Task goal: Skipping the images, transcribe each record below as it is.

Source records:
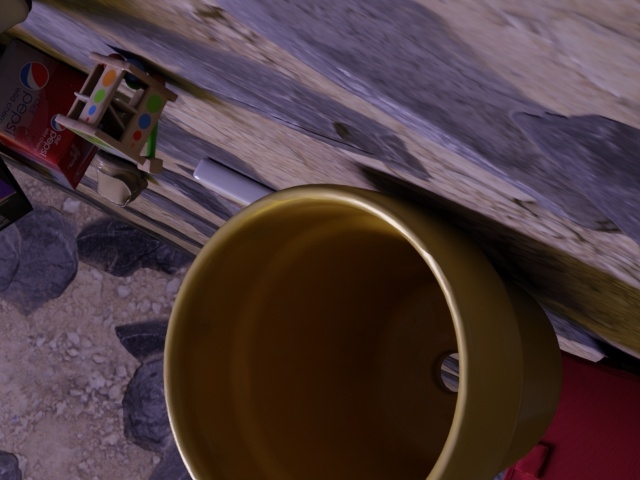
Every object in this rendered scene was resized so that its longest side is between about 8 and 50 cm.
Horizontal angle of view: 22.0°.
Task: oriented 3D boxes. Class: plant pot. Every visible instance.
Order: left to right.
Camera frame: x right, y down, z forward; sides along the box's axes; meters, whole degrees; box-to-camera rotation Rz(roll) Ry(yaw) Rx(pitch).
[{"bbox_3d":[0.054,0.096,1.206,0.254,0.254,0.239,25,-172,32],"label":"plant pot"}]

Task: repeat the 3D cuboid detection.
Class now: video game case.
[{"bbox_3d":[0.000,0.000,1.608,0.227,0.026,0.206,27,174,15],"label":"video game case"}]

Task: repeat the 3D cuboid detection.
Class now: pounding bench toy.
[{"bbox_3d":[-0.136,-0.093,1.204,0.052,0.065,0.083,22,172,45],"label":"pounding bench toy"}]

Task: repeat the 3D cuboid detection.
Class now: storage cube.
[{"bbox_3d":[0.267,0.220,1.403,0.193,0.215,0.183,19,171,20],"label":"storage cube"}]

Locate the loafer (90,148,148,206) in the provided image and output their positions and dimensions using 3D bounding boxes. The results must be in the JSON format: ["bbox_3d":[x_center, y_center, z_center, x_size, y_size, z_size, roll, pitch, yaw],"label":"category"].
[{"bbox_3d":[-0.252,-0.073,2.053,0.056,0.050,0.148,26,175,15],"label":"loafer"}]

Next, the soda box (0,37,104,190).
[{"bbox_3d":[-0.255,-0.111,1.540,0.092,0.083,0.263,28,175,-3],"label":"soda box"}]

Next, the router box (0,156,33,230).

Task response:
Every object in this rendered scene was resized so that its longest side is between about 8 and 50 cm.
Horizontal angle of view: 22.0°.
Task: oriented 3D boxes. Class: plant pot. Every visible instance.
Order: left to right.
Camera frame: x right, y down, z forward; sides along the box's axes; meters, whole degrees; box-to-camera rotation Rz(roll) Ry(yaw) Rx(pitch).
[{"bbox_3d":[0.054,0.096,1.206,0.254,0.254,0.239,25,-172,32],"label":"plant pot"}]

Task: repeat the 3D cuboid detection.
Class now: video game case.
[{"bbox_3d":[0.000,0.000,1.608,0.227,0.026,0.206,27,174,15],"label":"video game case"}]

Task: repeat the 3D cuboid detection.
Class now: pounding bench toy.
[{"bbox_3d":[-0.136,-0.093,1.204,0.052,0.065,0.083,22,172,45],"label":"pounding bench toy"}]

Task: repeat the 3D cuboid detection.
Class now: storage cube.
[{"bbox_3d":[0.267,0.220,1.403,0.193,0.215,0.183,19,171,20],"label":"storage cube"}]

Locate the loafer (90,148,148,206) in the provided image and output their positions and dimensions using 3D bounding boxes. The results must be in the JSON format: ["bbox_3d":[x_center, y_center, z_center, x_size, y_size, z_size, roll, pitch, yaw],"label":"category"].
[{"bbox_3d":[-0.252,-0.073,2.053,0.056,0.050,0.148,26,175,15],"label":"loafer"}]

Next, the soda box (0,37,104,190).
[{"bbox_3d":[-0.255,-0.111,1.540,0.092,0.083,0.263,28,175,-3],"label":"soda box"}]

Next, the router box (0,156,33,230).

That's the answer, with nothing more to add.